Using particle accelerators, over twenty additional elements have been discovered. Such discoveries are difficult for many reasons, not the least of which is that the newer elements often have very short half-lives. For example, the latest element, with an atomic number of 118, has a half-life of one hundred-thousandth of a second, which explains why we don’t find it lying around in train stations.
Hydrogen and helium are the two most commonly occurring elements. Together they make up the vast majority of matter in the universe, hydrogen predominating. But, for human purposes, the real action is with carbon (the fourth most common element in the universe). All known life forms are carbon-based. Carbon is the only element that has the flexible yet spectacular properties needed for supporting the richness of life. No other element can even begin to form the kind and variety of chemical bonds found with carbon. Using hydrogen, oxygen, nitrogen, and other elements, carbon can form an almost infinite number of compounds. We know, for example, of more than a million existing carbon compounds, many thousands of which are vital to life processes.7 This property of carbon is unique among all the elements.
The story of carbon might seem common and earthy, but let me assure you—there is more than meets the casual eye. That carbon exists at all is either a cosmic freak accident or a miracle—depending on whether you prefer the odds of fluke or faith. Primitive carbon is formed when two elements combine. Sometimes combining elements is easy. But in the case of joining helium and beryllium, there is more involved. Combining these two elements to form carbon requires exacting conditions, and the chances of such conditions being met are infinitesimally small.
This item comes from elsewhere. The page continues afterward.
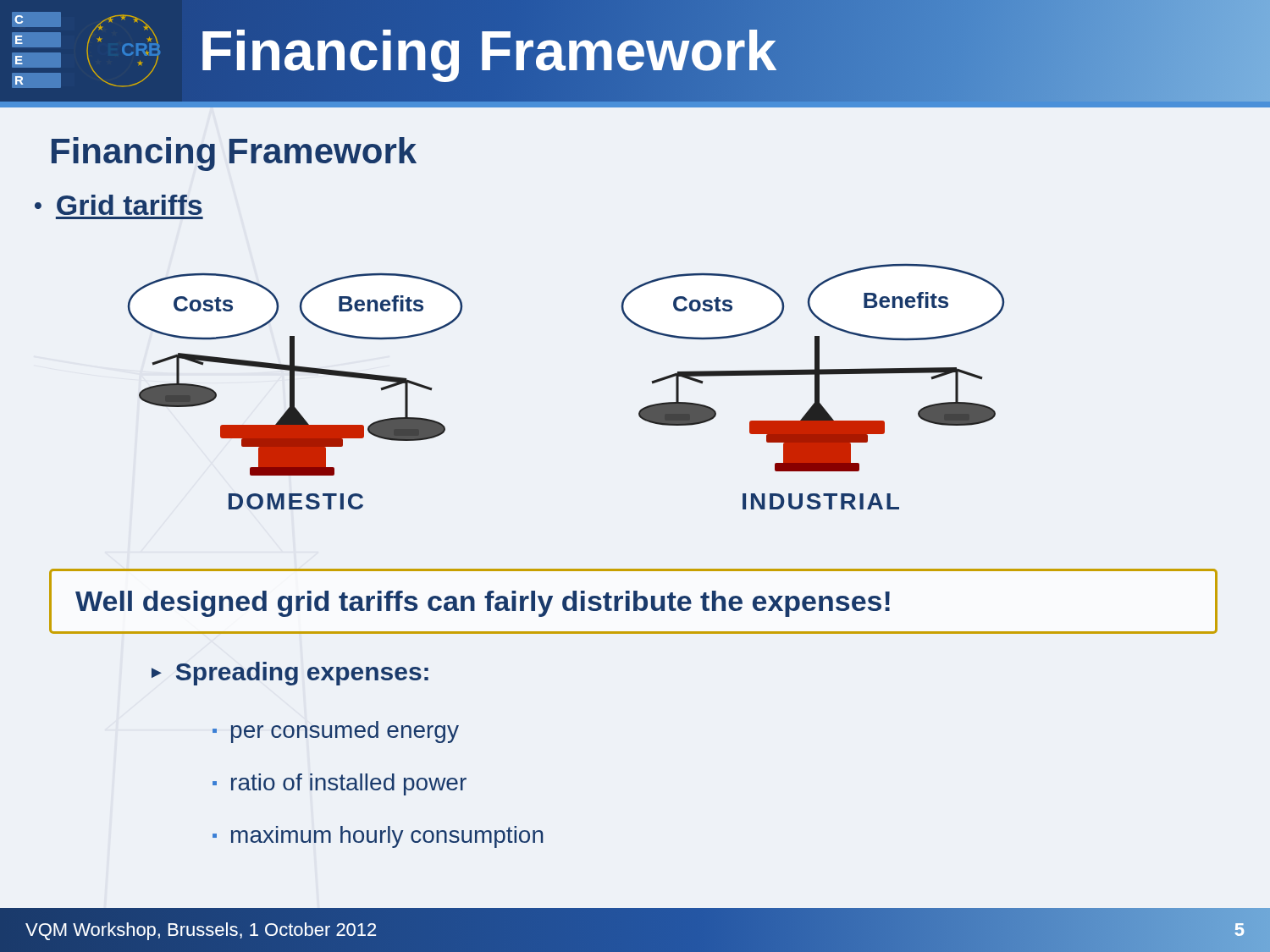
Task: Click where it says "▪ maximum hourly consumption"
Action: tap(378, 835)

For one thing, this form of radioactive beryllium has a mean life of 10-16 seconds. Such beryllium brevity obviously does not grant the helium nucleus much of a chance to randomly bond with it. In order for the required bonding to happen, the resonance or excitation energies must be exactly mathematically matched—precisely what scientists have found.
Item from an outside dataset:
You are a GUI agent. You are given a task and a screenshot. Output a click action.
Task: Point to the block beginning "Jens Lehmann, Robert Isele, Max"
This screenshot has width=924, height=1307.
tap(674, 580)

When the math was first computed, unbelieving astrophysicists were spiritually stunned. “A delicate match between the energies of helium, the unstable beryllium and the resulting carbon allows the last to be created,” explains Harvard astronomer Robert Kirshner. “Without this process, we would not be here.”8 The carbon resonance match is both dramatic and extremely precise—and theologically suggestive. Hoyle was right: In plain view, Someone indeed rigged the physics.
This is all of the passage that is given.